▸ ASSIGNMENT
How many lines below include the string "Very"? State the number alone.

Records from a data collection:

::::::::

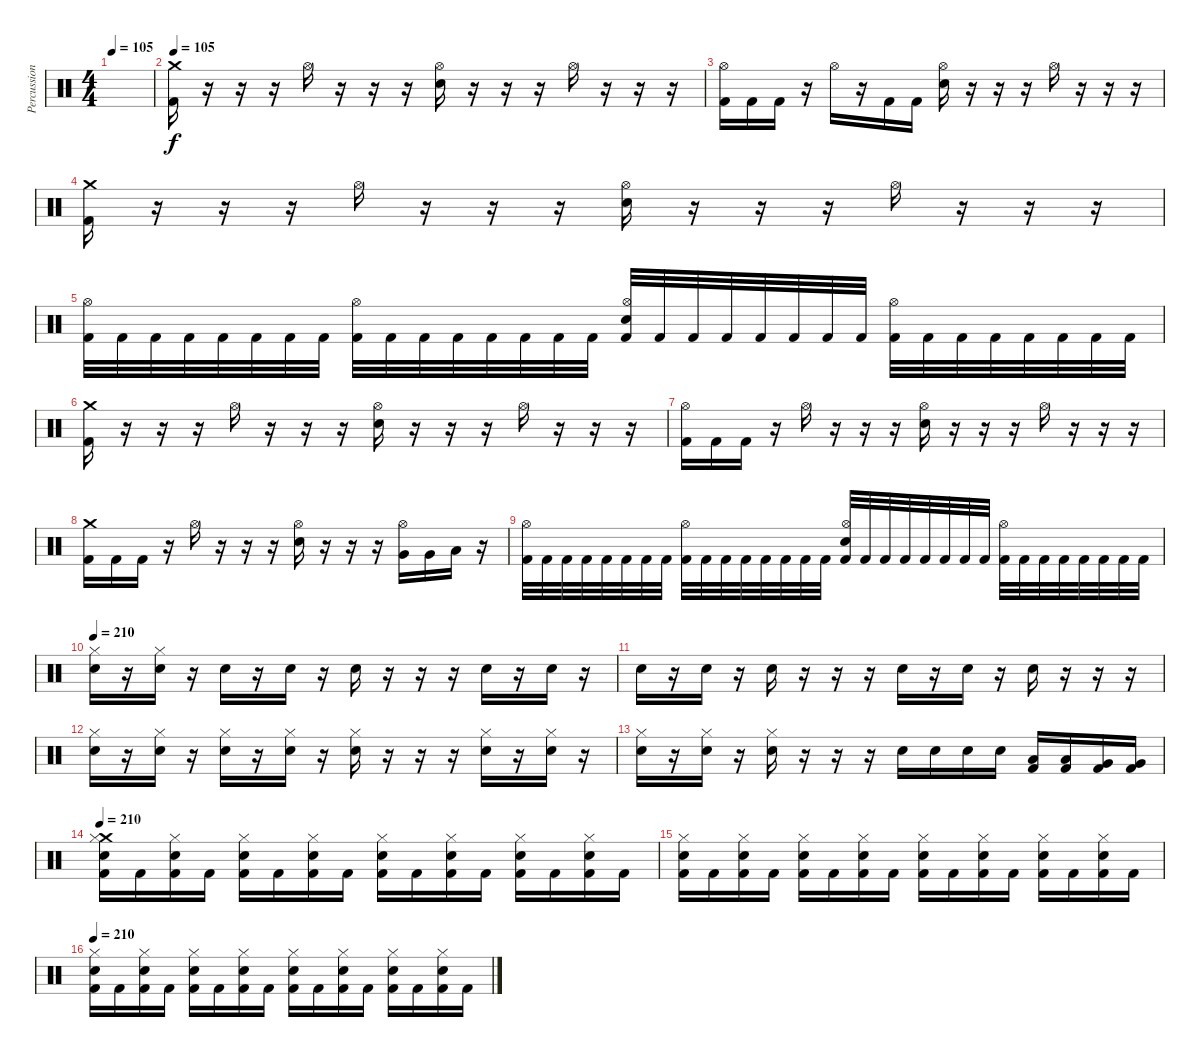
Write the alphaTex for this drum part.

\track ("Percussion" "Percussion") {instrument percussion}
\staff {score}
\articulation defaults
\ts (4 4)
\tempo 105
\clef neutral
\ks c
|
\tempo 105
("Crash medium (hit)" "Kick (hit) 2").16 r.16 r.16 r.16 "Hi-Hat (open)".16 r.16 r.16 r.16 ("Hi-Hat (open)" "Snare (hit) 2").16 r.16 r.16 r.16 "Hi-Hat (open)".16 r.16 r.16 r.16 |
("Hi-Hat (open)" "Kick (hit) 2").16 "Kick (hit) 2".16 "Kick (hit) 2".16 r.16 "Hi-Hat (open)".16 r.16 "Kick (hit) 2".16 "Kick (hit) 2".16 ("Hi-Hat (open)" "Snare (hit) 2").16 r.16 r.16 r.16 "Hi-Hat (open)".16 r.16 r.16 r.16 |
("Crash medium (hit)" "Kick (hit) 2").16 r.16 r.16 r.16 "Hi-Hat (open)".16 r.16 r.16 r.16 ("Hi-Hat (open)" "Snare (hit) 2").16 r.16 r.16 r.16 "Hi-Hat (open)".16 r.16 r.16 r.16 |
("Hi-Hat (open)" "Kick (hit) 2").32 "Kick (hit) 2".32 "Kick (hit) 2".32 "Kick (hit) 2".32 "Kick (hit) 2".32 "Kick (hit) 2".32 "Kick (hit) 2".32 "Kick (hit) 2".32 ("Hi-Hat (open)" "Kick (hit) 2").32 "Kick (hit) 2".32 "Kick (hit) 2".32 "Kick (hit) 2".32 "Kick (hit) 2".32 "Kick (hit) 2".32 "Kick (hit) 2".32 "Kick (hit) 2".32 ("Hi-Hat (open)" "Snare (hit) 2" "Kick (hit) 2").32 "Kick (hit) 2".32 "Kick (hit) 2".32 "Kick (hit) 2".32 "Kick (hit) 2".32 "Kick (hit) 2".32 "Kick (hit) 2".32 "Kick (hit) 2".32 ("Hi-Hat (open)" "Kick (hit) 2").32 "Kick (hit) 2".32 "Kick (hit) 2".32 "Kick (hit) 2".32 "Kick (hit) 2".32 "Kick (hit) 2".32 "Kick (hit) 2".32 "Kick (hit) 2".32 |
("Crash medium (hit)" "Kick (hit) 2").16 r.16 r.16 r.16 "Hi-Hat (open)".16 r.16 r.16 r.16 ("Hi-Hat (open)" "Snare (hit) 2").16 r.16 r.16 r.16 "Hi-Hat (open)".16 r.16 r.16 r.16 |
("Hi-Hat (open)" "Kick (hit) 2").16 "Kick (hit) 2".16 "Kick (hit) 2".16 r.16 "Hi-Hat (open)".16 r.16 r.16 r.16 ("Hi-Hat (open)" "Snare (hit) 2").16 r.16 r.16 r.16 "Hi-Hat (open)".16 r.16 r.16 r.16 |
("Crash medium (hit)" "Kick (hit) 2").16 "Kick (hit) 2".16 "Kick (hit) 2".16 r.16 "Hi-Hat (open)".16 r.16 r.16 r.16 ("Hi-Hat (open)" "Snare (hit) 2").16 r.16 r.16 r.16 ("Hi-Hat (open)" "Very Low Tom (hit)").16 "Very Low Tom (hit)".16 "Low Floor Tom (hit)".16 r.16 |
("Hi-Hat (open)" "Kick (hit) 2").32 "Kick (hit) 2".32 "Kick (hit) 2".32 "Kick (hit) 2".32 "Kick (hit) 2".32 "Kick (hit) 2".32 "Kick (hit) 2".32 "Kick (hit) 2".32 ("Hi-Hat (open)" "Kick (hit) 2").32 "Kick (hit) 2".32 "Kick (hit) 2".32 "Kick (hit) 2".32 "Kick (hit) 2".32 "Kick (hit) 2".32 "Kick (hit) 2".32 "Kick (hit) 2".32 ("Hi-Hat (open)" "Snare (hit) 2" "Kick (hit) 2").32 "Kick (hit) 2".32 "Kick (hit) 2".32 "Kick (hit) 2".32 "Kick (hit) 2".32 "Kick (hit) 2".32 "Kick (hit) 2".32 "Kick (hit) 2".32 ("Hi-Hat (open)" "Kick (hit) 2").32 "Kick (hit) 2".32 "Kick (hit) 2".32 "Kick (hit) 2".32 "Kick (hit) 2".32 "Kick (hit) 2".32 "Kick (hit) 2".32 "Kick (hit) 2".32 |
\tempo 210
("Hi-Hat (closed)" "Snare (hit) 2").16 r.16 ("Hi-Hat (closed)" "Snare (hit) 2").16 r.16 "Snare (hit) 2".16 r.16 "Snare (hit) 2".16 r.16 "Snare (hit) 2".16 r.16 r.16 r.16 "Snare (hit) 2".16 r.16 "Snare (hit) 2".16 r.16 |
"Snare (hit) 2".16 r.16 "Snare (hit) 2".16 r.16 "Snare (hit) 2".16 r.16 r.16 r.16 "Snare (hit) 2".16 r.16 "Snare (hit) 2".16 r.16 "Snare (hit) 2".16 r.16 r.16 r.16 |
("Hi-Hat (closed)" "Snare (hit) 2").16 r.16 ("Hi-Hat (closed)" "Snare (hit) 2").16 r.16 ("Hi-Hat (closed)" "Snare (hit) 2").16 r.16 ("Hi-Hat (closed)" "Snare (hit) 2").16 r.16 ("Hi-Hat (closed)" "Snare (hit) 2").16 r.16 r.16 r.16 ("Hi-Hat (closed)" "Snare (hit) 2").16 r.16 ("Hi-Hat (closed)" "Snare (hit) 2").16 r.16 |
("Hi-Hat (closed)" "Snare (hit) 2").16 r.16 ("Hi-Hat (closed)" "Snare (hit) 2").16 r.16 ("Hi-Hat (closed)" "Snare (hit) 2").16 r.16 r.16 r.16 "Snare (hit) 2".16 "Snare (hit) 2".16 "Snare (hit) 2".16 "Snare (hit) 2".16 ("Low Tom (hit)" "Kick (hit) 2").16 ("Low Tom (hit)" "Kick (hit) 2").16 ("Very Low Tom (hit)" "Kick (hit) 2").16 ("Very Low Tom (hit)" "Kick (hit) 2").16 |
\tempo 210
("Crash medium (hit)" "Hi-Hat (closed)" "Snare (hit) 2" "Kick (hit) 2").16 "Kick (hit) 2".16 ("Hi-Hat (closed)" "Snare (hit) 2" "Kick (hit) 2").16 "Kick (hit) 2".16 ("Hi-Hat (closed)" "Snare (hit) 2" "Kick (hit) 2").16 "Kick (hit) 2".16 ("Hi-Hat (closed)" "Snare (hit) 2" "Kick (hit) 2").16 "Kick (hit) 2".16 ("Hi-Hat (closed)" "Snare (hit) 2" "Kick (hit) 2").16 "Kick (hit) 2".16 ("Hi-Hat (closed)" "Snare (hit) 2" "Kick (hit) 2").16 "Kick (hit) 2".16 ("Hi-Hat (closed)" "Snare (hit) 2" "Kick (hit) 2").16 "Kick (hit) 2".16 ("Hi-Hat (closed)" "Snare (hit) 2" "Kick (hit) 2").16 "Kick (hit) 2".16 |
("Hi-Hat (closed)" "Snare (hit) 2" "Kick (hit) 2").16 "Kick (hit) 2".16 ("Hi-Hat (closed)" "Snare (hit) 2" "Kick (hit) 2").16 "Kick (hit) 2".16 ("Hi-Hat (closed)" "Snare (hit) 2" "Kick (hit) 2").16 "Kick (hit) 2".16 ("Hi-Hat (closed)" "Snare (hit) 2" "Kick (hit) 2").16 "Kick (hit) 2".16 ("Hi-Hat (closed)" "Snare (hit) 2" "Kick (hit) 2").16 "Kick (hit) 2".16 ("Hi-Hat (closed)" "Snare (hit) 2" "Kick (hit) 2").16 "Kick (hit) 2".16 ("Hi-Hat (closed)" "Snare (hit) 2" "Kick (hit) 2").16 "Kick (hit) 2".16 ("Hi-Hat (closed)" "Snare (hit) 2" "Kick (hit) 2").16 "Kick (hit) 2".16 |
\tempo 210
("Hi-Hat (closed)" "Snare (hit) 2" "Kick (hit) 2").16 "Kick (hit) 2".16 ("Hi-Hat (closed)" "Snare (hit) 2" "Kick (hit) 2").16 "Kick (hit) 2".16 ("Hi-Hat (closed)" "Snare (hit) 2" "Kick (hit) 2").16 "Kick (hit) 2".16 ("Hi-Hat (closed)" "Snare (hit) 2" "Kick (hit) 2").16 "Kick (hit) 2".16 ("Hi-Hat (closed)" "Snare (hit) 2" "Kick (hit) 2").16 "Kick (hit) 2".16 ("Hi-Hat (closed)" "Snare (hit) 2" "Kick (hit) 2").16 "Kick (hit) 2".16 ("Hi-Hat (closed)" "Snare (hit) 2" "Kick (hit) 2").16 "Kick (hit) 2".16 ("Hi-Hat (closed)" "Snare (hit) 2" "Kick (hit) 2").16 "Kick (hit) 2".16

::::::::

▸ OUTPUT FOR THIS EXERCISE
2